> [Data to use]:
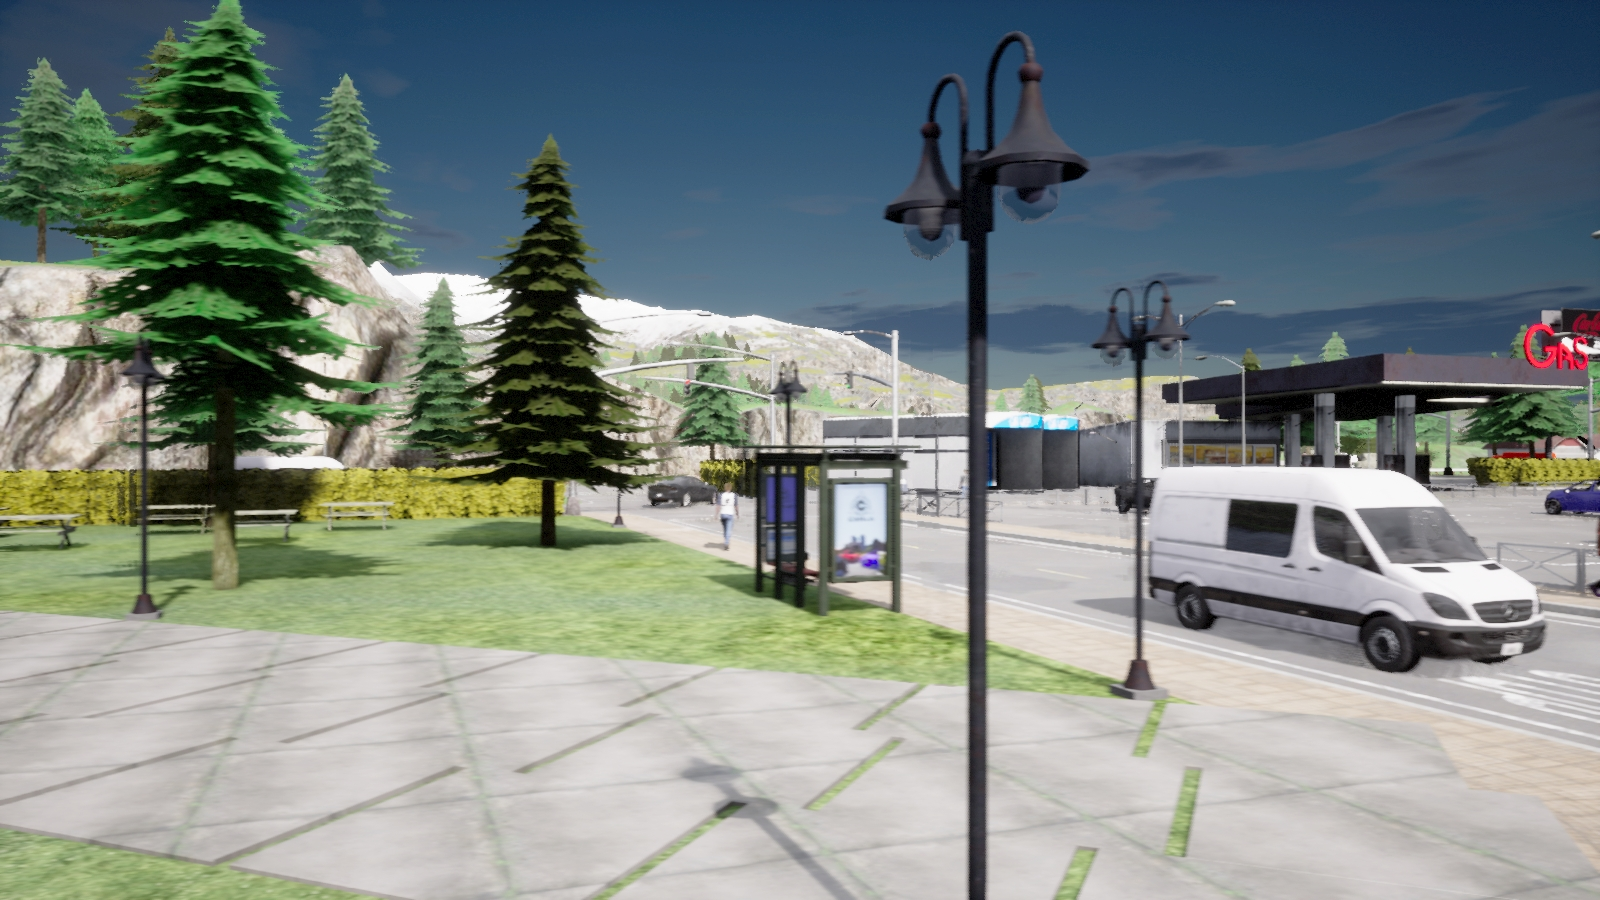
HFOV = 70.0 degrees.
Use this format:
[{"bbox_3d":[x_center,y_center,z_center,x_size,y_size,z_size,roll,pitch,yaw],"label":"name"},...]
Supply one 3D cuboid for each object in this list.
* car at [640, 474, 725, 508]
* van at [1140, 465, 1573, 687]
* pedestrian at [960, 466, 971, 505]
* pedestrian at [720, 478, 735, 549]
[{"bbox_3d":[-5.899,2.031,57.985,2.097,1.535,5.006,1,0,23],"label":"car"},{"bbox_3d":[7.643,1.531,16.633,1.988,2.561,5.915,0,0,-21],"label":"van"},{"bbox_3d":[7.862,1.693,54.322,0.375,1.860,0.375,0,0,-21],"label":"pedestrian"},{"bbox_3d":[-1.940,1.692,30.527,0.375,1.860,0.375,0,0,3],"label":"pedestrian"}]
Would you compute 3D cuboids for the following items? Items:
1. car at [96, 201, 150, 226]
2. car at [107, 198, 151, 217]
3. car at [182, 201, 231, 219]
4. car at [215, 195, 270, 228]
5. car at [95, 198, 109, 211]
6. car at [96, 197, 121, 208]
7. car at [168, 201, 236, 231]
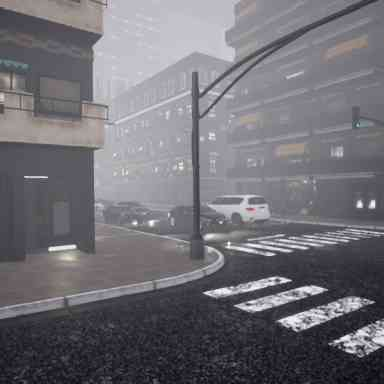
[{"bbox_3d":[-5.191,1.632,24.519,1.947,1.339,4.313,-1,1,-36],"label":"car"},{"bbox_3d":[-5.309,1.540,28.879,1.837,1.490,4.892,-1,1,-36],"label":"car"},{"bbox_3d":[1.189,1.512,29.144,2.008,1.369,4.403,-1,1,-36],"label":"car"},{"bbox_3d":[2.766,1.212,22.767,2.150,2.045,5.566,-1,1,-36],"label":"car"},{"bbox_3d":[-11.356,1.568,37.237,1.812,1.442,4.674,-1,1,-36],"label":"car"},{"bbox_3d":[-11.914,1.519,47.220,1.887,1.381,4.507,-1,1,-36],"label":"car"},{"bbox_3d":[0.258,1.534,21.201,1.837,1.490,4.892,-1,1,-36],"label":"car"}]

---

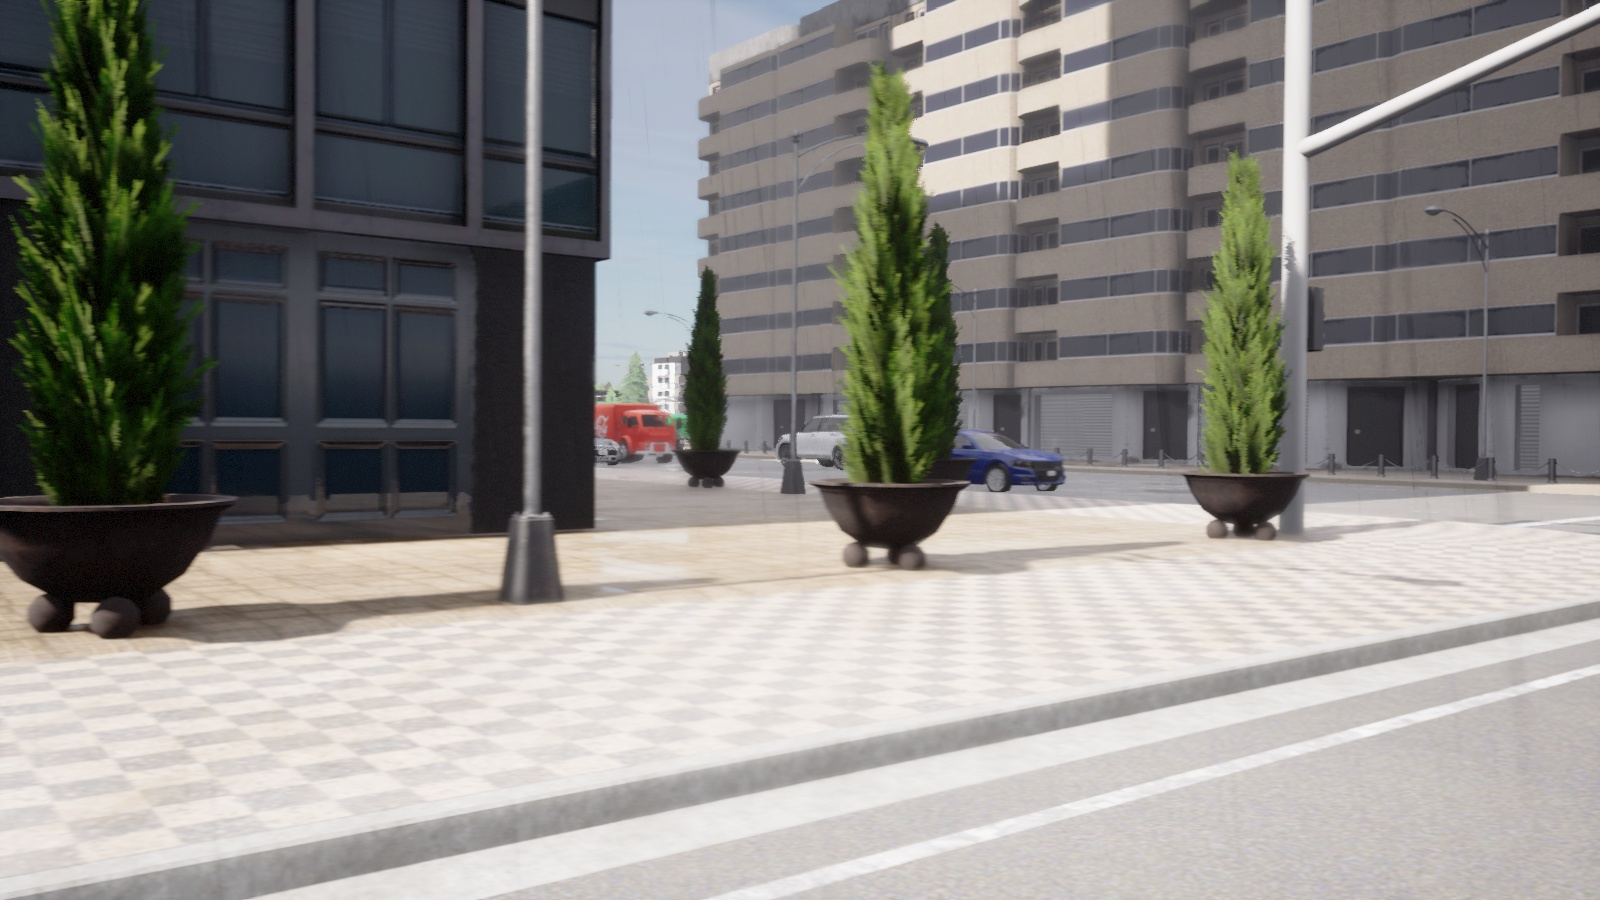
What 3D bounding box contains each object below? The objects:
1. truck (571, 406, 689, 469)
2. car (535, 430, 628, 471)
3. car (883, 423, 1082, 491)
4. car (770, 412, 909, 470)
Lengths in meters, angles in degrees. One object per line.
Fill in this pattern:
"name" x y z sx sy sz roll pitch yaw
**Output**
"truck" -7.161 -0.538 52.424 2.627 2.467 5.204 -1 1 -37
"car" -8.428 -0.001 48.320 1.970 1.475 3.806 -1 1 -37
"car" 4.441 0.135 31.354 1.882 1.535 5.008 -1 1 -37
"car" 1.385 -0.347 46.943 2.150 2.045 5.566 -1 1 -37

> [What to work on]:
List each line in the listing that contains the string "roll".

> [Task answer]:
[{"bbox_3d":[x_center,y_center,z_center,x_size,y_size,z_size,roll,pitch,yaw],"label":"name"},...]
"name" x y z sx sy sz roll pitch yaw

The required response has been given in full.